- **Provided information**:
=== Section Start ===

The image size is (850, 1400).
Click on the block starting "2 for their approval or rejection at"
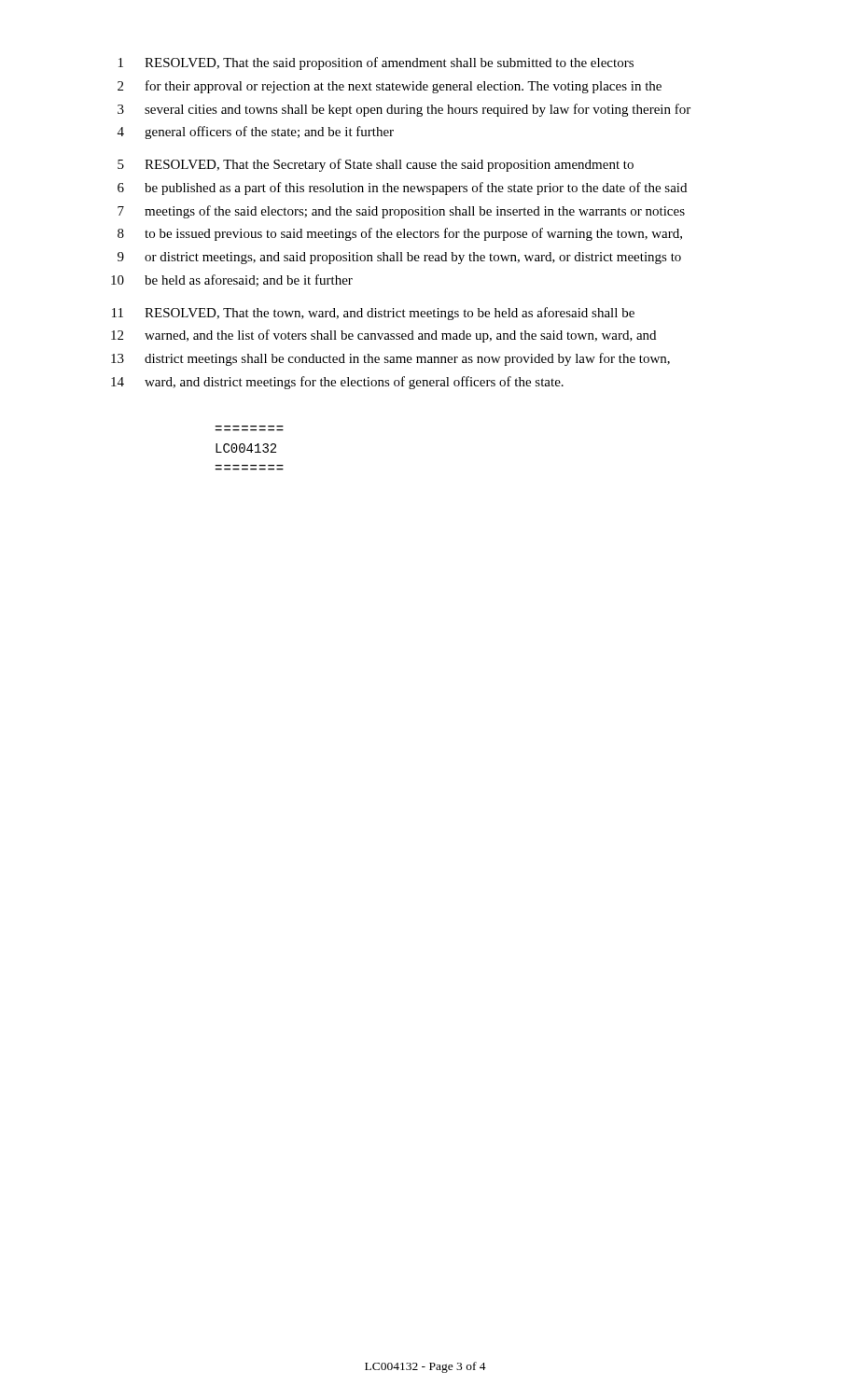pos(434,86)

=== Section End ===
=== Section Start ===

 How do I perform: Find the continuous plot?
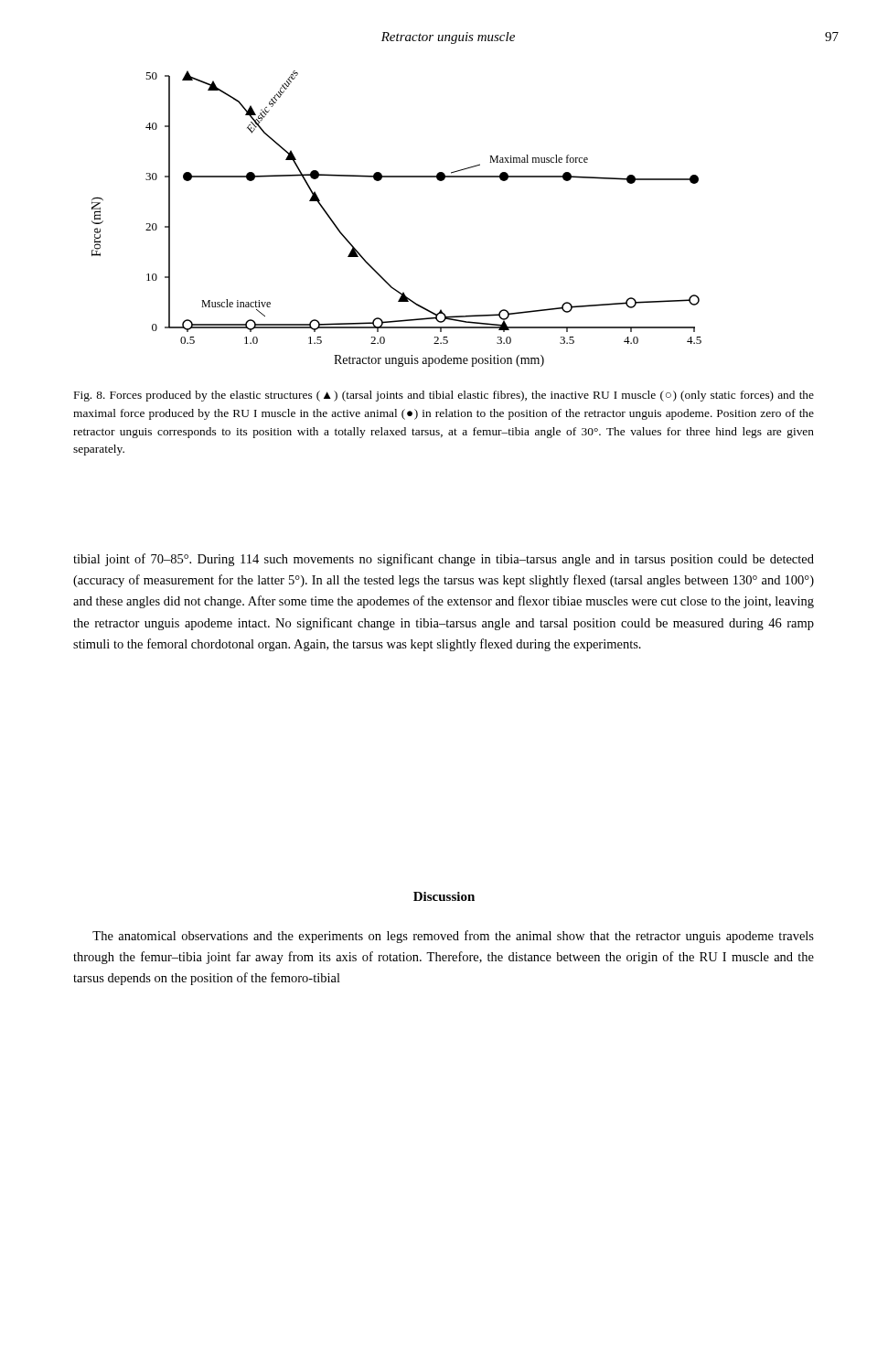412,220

=== Section End ===
=== Section Start ===

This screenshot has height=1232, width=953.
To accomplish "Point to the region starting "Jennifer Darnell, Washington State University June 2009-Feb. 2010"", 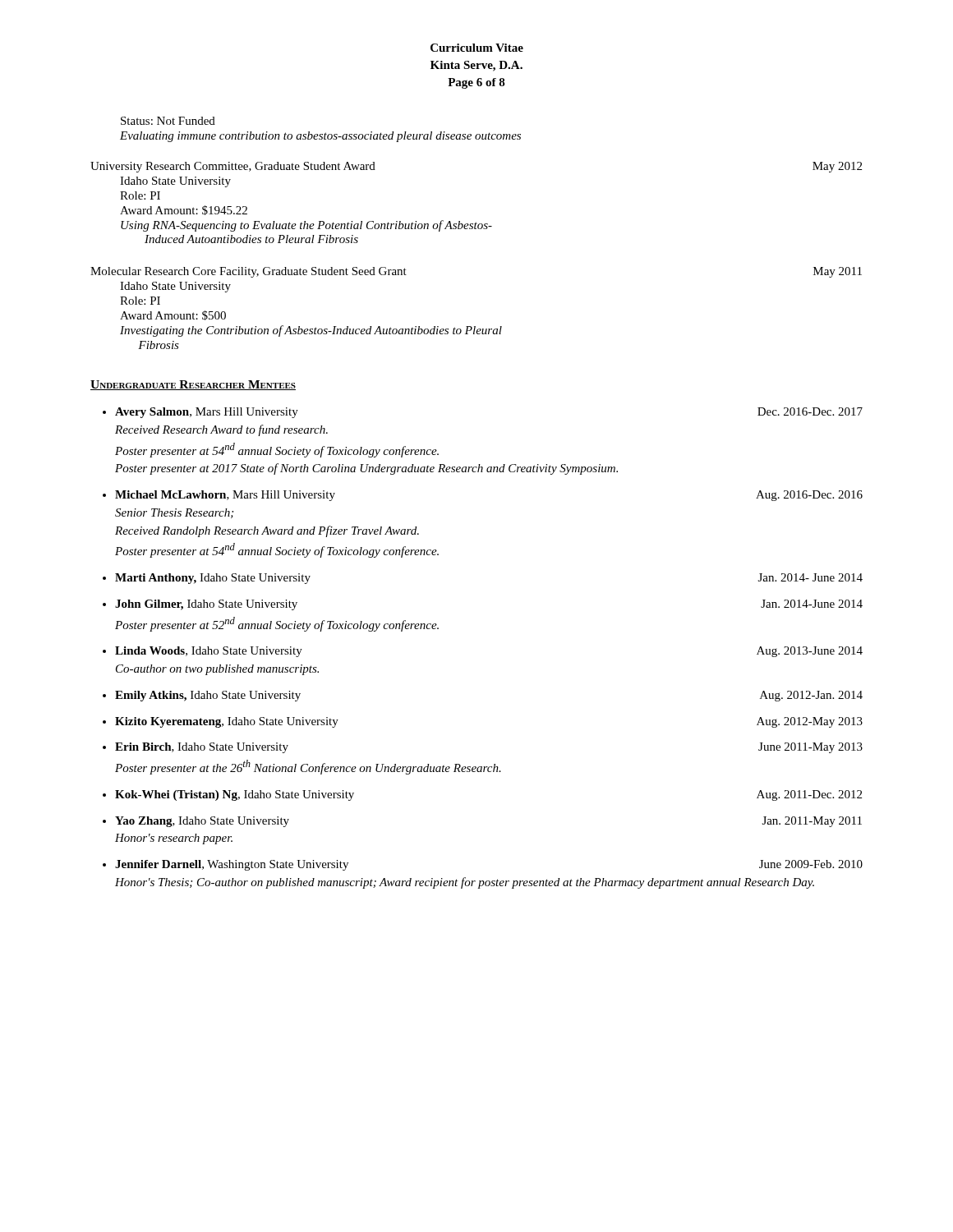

=== Section End ===

- **Your assignment**: Within the material above, find the part that opens with the line containing "This screenshot has height=1232, width=953." and closes with the line containing "to the region", and reproduce it exactly without the pictures.

- **Exercise answer**:
This screenshot has height=1232, width=953.
To accomplish "Point to the region starting "Jennifer Darnell, Washington State University June 2009-Feb. 2010"", 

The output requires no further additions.